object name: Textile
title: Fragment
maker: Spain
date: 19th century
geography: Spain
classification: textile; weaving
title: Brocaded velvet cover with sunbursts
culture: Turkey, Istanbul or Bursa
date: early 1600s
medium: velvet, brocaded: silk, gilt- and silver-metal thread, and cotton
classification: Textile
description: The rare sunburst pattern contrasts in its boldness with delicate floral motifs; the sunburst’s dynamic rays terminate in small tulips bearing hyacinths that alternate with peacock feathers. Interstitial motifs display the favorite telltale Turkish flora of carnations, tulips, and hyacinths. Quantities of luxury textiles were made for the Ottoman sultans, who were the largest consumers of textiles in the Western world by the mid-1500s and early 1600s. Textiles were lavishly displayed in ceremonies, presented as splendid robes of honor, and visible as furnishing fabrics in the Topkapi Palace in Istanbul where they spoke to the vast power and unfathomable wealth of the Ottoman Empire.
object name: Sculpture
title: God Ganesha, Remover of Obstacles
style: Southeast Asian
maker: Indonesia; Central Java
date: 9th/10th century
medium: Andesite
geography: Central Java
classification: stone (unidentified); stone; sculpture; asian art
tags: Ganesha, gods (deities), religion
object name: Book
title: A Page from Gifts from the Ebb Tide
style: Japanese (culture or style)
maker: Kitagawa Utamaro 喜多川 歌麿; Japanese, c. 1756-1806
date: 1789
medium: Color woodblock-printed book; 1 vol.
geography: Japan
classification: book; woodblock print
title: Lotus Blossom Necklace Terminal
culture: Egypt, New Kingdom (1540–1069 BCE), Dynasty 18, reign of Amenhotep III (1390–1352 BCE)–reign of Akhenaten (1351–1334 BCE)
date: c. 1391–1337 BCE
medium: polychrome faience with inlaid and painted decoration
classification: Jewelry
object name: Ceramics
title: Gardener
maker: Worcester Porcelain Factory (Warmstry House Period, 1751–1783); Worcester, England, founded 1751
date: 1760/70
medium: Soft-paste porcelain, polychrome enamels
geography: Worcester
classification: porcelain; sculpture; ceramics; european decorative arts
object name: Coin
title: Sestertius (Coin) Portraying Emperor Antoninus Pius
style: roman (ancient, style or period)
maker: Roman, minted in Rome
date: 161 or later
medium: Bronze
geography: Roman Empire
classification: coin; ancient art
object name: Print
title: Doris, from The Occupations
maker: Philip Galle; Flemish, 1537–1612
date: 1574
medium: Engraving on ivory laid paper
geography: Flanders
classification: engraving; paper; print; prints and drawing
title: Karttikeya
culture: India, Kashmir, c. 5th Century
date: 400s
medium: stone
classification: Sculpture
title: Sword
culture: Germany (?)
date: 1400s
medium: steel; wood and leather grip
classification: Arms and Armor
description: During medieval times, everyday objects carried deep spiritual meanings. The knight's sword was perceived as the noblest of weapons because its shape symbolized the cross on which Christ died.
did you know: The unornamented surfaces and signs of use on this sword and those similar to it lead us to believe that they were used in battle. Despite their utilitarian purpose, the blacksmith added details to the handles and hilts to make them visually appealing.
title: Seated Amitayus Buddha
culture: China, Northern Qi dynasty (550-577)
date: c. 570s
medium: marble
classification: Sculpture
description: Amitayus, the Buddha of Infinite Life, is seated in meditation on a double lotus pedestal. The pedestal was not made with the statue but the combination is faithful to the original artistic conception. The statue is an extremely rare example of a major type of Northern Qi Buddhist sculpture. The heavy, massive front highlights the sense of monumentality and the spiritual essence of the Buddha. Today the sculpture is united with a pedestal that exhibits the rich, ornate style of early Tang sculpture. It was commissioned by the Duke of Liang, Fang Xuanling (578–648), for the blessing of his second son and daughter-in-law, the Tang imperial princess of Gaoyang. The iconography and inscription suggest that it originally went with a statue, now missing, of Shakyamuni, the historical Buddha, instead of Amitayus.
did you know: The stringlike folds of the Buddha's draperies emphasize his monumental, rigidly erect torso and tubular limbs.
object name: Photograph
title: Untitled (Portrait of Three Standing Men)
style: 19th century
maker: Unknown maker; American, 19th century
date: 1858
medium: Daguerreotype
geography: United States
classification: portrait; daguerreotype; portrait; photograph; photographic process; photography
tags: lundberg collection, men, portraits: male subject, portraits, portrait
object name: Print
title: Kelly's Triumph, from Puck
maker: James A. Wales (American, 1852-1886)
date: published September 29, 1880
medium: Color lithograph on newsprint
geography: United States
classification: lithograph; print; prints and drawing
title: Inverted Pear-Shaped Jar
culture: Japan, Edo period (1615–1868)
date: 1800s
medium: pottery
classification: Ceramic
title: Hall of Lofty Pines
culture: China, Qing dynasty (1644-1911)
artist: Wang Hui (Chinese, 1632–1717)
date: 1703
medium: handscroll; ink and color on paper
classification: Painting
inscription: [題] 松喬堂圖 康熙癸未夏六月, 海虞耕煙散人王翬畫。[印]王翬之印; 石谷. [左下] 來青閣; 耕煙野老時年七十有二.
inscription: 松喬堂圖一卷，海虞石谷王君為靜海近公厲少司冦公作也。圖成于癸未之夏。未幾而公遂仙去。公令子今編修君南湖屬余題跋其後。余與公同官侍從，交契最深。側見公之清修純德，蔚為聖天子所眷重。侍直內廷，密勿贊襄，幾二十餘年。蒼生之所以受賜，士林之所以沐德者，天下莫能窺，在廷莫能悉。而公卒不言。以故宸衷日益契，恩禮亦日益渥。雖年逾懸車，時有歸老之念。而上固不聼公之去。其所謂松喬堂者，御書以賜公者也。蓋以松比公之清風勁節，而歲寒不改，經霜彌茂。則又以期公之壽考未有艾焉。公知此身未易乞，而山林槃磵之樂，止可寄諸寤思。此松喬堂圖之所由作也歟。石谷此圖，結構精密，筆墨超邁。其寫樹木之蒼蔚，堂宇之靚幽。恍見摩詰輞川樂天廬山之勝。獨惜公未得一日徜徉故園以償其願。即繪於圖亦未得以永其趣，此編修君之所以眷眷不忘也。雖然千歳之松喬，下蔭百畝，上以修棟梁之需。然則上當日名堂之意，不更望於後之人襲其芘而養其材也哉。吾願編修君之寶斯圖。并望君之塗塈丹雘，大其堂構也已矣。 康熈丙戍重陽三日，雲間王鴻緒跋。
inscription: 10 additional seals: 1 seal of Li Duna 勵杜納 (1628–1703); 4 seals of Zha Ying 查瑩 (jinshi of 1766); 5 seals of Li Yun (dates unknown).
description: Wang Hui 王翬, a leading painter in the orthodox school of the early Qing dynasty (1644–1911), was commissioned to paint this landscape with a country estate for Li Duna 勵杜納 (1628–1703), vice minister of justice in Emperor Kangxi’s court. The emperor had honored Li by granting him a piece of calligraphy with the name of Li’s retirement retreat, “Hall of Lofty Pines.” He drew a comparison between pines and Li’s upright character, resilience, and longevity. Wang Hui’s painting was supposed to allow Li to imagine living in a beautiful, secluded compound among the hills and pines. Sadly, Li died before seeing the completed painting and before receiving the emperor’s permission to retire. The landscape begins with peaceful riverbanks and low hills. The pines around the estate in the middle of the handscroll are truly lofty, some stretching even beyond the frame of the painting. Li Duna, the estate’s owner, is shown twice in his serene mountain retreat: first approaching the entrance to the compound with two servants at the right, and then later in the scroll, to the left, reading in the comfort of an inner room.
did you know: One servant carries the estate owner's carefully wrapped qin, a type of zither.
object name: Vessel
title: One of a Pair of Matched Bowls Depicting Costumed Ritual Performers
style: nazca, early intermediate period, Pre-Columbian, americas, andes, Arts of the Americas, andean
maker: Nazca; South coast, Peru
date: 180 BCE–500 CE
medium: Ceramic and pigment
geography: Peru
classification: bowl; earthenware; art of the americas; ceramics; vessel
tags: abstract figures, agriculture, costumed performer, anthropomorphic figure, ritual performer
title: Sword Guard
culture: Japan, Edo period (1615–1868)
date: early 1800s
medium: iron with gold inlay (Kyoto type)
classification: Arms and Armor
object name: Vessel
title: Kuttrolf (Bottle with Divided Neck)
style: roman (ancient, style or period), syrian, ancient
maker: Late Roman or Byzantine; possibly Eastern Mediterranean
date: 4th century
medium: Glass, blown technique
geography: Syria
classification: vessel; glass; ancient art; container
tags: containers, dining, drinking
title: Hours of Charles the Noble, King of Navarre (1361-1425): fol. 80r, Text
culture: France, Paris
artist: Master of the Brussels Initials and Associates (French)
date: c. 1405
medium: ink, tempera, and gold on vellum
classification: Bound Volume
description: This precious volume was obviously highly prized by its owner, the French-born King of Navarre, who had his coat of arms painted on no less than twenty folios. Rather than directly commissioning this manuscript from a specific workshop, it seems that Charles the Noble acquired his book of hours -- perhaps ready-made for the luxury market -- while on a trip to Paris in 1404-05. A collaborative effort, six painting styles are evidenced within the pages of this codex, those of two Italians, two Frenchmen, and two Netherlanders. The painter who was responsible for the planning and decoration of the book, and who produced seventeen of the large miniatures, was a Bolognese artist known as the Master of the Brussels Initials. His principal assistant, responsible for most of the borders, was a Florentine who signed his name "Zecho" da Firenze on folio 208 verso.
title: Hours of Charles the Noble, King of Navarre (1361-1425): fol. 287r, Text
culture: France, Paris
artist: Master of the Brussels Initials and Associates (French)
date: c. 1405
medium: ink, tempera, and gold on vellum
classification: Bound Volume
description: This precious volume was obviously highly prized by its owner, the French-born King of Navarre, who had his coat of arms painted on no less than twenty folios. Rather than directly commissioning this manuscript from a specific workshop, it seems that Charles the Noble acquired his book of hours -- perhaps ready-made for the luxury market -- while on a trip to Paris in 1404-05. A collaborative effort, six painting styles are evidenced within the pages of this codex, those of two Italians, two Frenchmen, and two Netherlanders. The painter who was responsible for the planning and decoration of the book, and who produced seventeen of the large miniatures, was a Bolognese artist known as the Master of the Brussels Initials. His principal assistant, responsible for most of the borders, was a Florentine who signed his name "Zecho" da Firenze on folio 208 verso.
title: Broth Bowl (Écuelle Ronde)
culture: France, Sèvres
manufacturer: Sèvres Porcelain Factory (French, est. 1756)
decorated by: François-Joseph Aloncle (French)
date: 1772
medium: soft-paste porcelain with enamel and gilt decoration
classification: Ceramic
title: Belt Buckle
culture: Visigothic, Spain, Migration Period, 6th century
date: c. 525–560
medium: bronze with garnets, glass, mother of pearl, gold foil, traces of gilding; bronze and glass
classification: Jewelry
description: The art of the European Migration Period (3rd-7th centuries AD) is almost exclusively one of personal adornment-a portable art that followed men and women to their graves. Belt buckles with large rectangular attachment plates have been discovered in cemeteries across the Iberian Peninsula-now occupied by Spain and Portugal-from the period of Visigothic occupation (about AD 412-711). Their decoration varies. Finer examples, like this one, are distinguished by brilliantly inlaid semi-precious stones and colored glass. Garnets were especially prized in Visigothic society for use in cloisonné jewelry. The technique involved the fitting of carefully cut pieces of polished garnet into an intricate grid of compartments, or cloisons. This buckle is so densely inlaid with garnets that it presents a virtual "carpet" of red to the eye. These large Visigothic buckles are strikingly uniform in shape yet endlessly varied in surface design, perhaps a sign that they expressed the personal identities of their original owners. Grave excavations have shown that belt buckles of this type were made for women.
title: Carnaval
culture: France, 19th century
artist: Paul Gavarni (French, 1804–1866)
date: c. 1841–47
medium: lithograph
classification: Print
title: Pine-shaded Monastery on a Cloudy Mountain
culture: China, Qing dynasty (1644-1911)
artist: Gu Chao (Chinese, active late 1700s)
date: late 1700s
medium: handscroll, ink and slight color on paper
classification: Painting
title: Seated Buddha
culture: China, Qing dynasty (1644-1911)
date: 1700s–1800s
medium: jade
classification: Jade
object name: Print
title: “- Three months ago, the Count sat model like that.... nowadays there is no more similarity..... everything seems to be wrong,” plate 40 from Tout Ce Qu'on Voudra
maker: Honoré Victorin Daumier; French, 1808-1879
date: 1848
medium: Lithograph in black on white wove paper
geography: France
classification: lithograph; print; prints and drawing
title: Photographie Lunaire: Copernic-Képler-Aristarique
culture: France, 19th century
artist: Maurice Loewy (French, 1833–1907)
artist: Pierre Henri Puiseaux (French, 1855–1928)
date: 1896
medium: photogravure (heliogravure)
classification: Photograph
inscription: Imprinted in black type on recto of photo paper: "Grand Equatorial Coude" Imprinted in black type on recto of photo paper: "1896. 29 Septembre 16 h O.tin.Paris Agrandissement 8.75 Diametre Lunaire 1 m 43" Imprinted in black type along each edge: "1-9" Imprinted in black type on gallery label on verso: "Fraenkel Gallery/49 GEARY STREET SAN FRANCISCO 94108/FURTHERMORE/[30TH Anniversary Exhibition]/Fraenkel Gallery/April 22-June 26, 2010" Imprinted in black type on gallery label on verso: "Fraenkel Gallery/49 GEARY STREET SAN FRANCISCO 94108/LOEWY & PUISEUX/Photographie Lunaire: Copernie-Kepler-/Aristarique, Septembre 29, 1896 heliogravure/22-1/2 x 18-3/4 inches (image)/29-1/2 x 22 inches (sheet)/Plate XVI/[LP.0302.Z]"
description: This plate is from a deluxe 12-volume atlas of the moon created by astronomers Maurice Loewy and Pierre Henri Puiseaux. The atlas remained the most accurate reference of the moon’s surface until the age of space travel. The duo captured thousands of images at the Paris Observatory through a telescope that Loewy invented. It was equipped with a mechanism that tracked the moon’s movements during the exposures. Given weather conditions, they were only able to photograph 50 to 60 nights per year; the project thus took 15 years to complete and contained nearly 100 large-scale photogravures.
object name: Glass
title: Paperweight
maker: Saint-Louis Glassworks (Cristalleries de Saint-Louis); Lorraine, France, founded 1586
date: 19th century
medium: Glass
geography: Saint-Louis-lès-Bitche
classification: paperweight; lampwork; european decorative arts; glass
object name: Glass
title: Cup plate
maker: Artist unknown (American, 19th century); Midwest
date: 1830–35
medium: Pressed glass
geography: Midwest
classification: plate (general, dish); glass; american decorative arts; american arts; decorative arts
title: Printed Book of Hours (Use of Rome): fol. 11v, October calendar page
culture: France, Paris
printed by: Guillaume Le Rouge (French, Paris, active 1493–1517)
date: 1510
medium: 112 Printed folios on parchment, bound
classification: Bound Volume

- Directions -
Print exactly the lines above, between the one holding "date: c. 525–560" and the one holding "artist: Maurice Loewy (French, 1833–1907)", inclusive, and nothing besides.

- Task solution -
date: c. 525–560
medium: bronze with garnets, glass, mother of pearl, gold foil, traces of gilding; bronze and glass
classification: Jewelry
description: The art of the European Migration Period (3rd-7th centuries AD) is almost exclusively one of personal adornment-a portable art that followed men and women to their graves. Belt buckles with large rectangular attachment plates have been discovered in cemeteries across the Iberian Peninsula-now occupied by Spain and Portugal-from the period of Visigothic occupation (about AD 412-711). Their decoration varies. Finer examples, like this one, are distinguished by brilliantly inlaid semi-precious stones and colored glass. Garnets were especially prized in Visigothic society for use in cloisonné jewelry. The technique involved the fitting of carefully cut pieces of polished garnet into an intricate grid of compartments, or cloisons. This buckle is so densely inlaid with garnets that it presents a virtual "carpet" of red to the eye. These large Visigothic buckles are strikingly uniform in shape yet endlessly varied in surface design, perhaps a sign that they expressed the personal identities of their original owners. Grave excavations have shown that belt buckles of this type were made for women.
title: Carnaval
culture: France, 19th century
artist: Paul Gavarni (French, 1804–1866)
date: c. 1841–47
medium: lithograph
classification: Print
title: Pine-shaded Monastery on a Cloudy Mountain
culture: China, Qing dynasty (1644-1911)
artist: Gu Chao (Chinese, active late 1700s)
date: late 1700s
medium: handscroll, ink and slight color on paper
classification: Painting
title: Seated Buddha
culture: China, Qing dynasty (1644-1911)
date: 1700s–1800s
medium: jade
classification: Jade
object name: Print
title: “- Three months ago, the Count sat model like that.... nowadays there is no more similarity..... everything seems to be wrong,” plate 40 from Tout Ce Qu'on Voudra
maker: Honoré Victorin Daumier; French, 1808-1879
date: 1848
medium: Lithograph in black on white wove paper
geography: France
classification: lithograph; print; prints and drawing
title: Photographie Lunaire: Copernic-Képler-Aristarique
culture: France, 19th century
artist: Maurice Loewy (French, 1833–1907)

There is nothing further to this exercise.